Exercise aim:
After going through the data below, state how many lines contain "each", and nothing else.

[Source data]

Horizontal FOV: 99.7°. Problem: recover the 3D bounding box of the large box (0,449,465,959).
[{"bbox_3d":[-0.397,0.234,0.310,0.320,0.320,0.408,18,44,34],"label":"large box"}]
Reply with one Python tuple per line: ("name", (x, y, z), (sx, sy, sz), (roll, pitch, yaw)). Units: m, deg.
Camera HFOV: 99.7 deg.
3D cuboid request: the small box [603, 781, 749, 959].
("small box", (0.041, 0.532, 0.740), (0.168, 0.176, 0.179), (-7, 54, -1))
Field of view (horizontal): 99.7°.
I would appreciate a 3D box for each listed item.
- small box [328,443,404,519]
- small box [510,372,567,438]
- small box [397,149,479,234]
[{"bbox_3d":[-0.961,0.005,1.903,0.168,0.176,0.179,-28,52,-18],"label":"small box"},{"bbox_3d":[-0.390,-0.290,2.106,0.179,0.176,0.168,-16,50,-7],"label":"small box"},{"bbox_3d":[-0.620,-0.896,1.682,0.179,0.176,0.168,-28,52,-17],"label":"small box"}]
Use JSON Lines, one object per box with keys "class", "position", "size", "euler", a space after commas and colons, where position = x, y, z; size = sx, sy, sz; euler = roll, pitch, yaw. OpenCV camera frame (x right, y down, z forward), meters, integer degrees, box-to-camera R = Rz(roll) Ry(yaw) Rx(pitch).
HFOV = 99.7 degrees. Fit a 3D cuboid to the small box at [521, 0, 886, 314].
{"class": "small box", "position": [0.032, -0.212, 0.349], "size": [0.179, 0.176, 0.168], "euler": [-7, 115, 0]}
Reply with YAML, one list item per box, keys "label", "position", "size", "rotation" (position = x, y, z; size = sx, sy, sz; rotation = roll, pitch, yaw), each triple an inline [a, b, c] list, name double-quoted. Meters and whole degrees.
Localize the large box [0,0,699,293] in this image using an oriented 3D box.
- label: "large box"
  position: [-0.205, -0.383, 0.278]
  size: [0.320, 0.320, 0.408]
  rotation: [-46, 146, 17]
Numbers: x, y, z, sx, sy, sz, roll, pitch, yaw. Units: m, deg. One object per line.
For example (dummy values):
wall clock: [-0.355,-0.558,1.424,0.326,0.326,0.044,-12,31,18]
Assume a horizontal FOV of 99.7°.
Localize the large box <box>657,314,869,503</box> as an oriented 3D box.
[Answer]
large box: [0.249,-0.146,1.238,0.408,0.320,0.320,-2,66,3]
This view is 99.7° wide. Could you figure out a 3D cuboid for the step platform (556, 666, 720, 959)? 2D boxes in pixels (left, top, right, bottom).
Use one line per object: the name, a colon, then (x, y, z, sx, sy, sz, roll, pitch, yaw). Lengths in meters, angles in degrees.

Task result:
2